The western side of the Crveni Vrh is occupied exclusively by private houses and no hotels. The eastern side contains the Residence Skiper, one of the most luxurious and high priced apartment complexes in Istria, the Kempinski hotel, and the "only attractive golf location in Istria".

==Demographics==
According to the 2021 census, its population was 177. It was 192 in 2011.

There are no known all-year-round residents in Crveni Vrh. In the early 1960s, a group of Slovenian families built first houses in the western Crveni Vrh, and most houses were built in the 1970s and 1980s. The two cojoined areas of the western Crveni Vrh are known as Laura and Riva. Over the past two decades, some houses were bought by Italian, Austrian, and Russian owners, but according to Glas Istre, "99 percent of the owners are Slovenian citizens". The mayor of Umag argued that "Slovenian villa owners occupied two kilometers of the coast" and built "private beaches and stairways".
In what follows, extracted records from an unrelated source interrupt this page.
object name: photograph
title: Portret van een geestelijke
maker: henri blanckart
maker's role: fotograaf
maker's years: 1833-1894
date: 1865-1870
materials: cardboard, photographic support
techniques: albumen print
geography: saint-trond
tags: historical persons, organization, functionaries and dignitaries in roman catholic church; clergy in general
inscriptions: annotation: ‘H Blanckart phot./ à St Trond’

In a series of articles published by Glas Istre and Jutarnji list in 2020 and 2021, media and local politicians expressed outrage with the coastal adaptations made by owners of houses in Crveni Vrh, and suggested that the coastal line needs to be replaced by a beach walk.
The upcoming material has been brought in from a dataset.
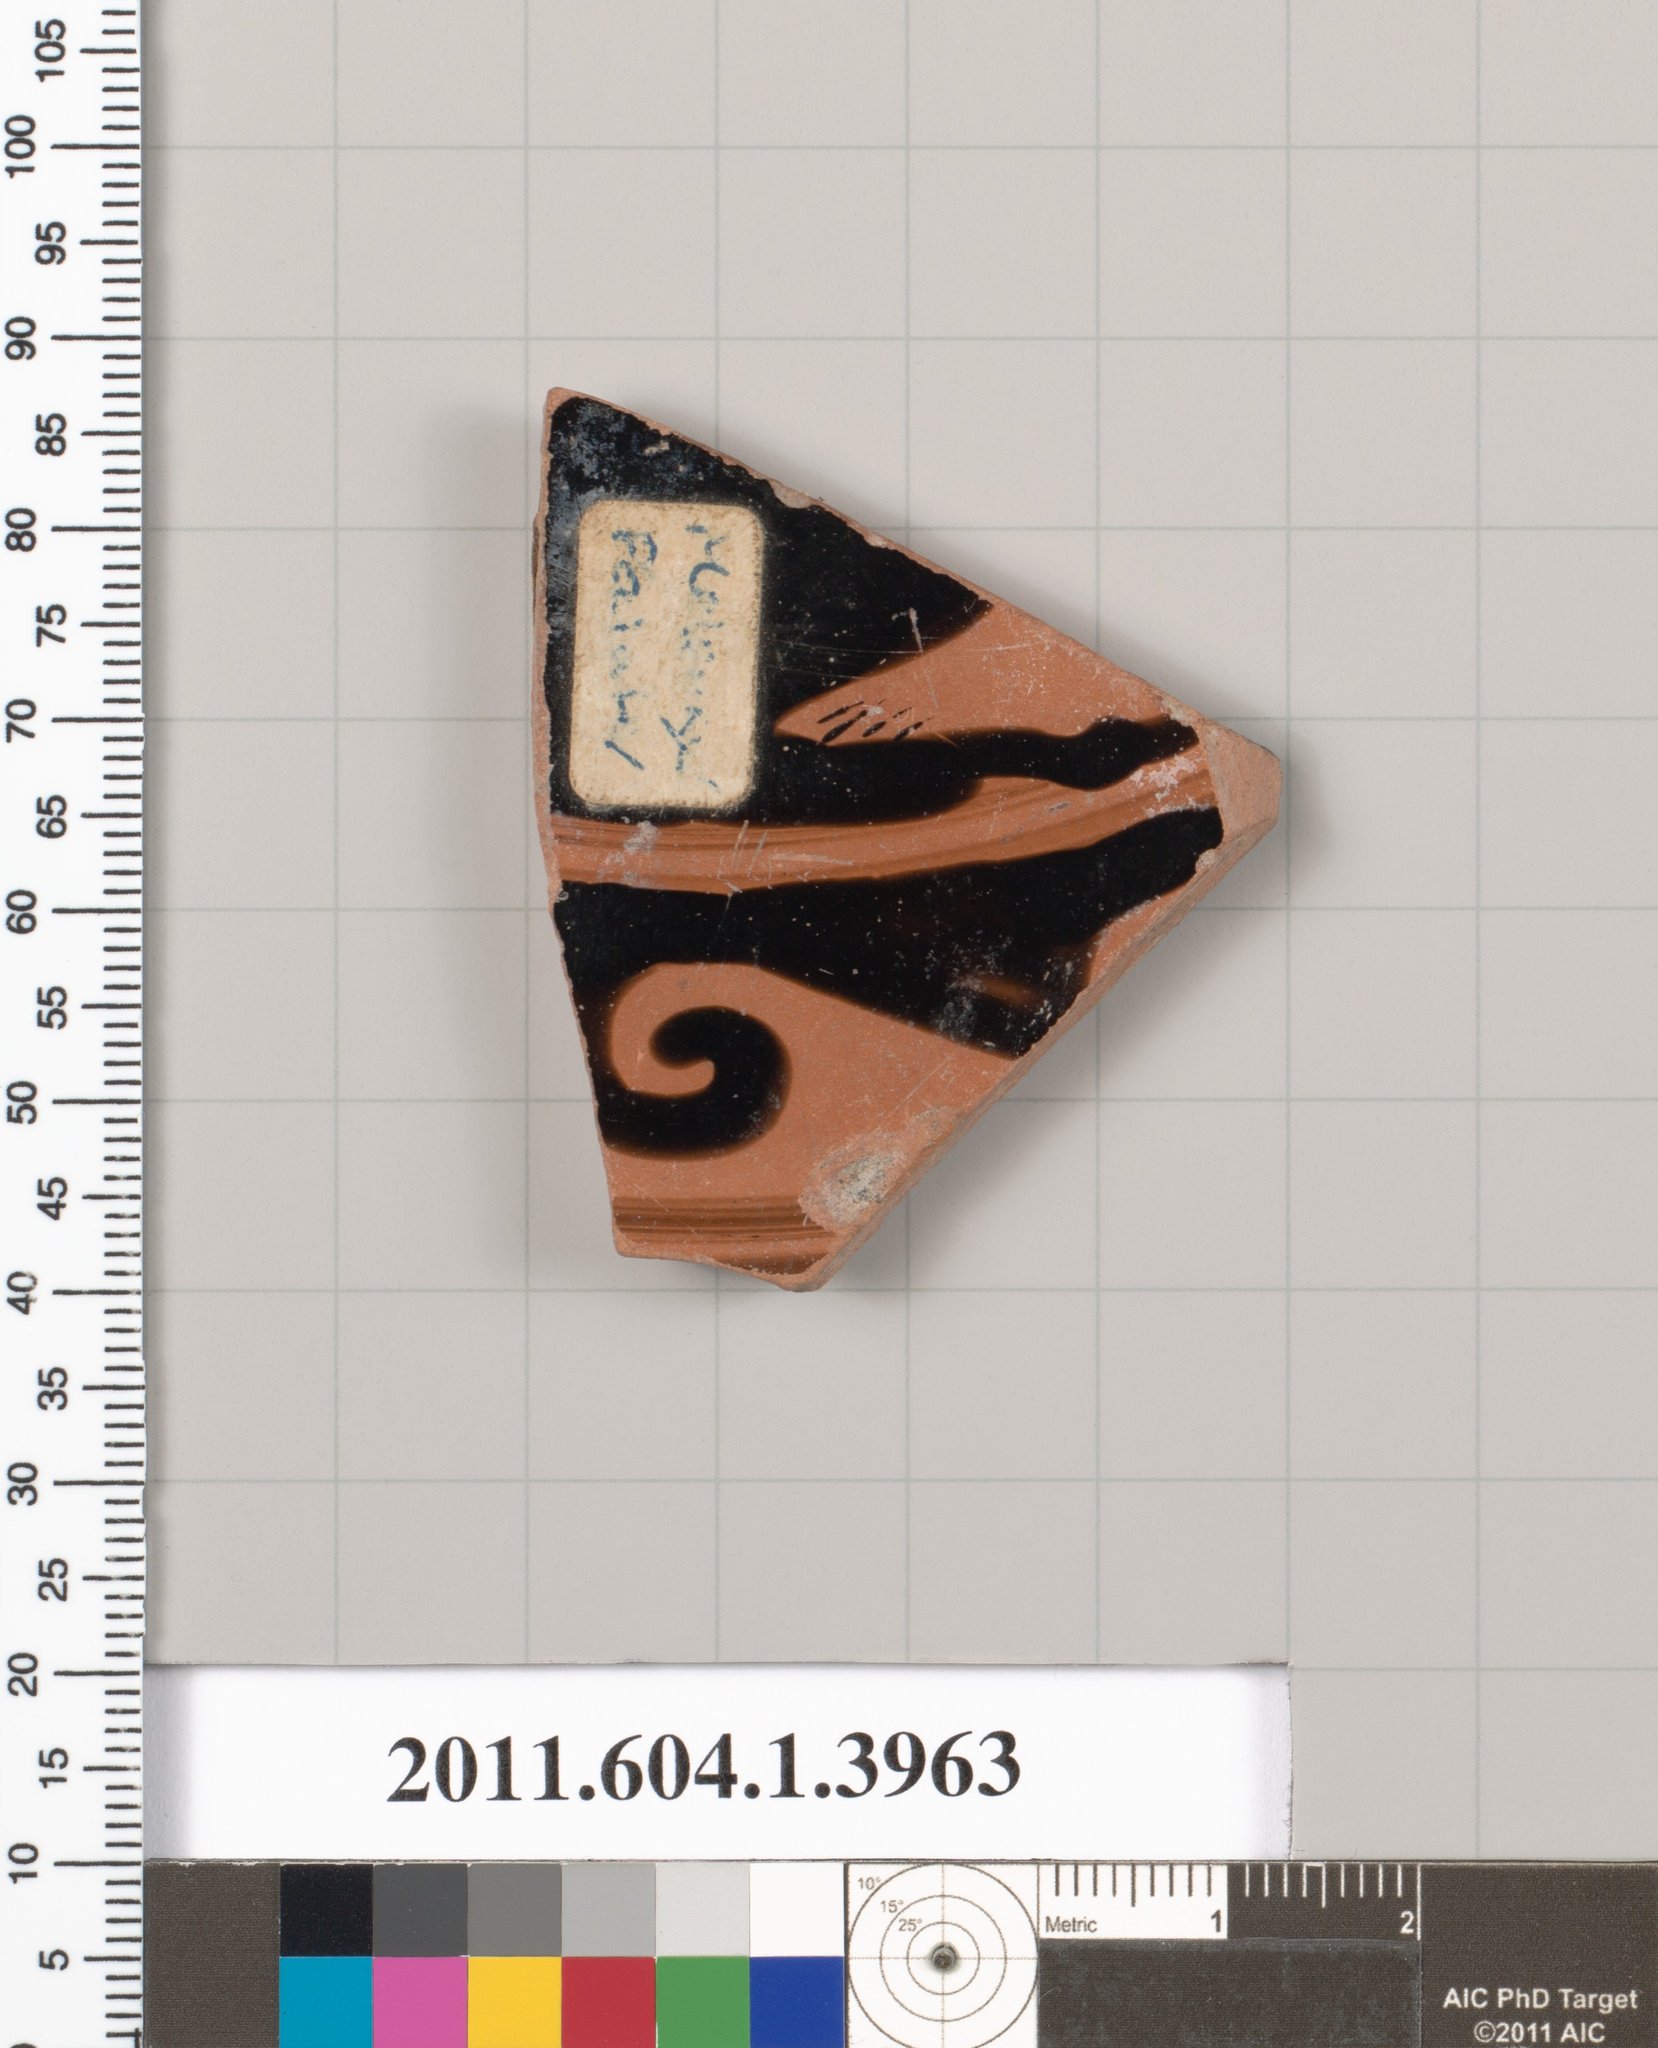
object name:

The residents are organized in a community association. The association's neighbourhood watch guard is on alert for unwanted or potentially dangerous visitors, and alerts owners in case of storms or weather issues. The association offers live webcams with the Crveni Vrh's Gulf of Piran views.

==Tourism==
The five-star Kempinski Hotel Adriatic hotel offers "unique luxury" and in 2018 the hotel opened its beach. The Residence Skiper is a resort of about a dozen apartment villas, several pools, tennis and basketball courts, and an 18-hole golf course. The Residence Skiper, the beach, and the surrounding area is owned mostly by Miodrag Kostić, the wealthiest Serbian person.

The area is one of the fastest developing in Croatia. In 2021, in Crveni Vrh, Kostić started building Petram Resort which was named by daily Delo "this year's largest Croatian tourism investment."

Crveni Vrh is home to Monte Rosso, the largest private olive tree estate in Croatia, which is owned by two Slovenians. When Slovenia confiscated the house of bankruptcy manager Brane Gorše, it was the first out-of-country property that Slovenia had confiscated due to tax evasion.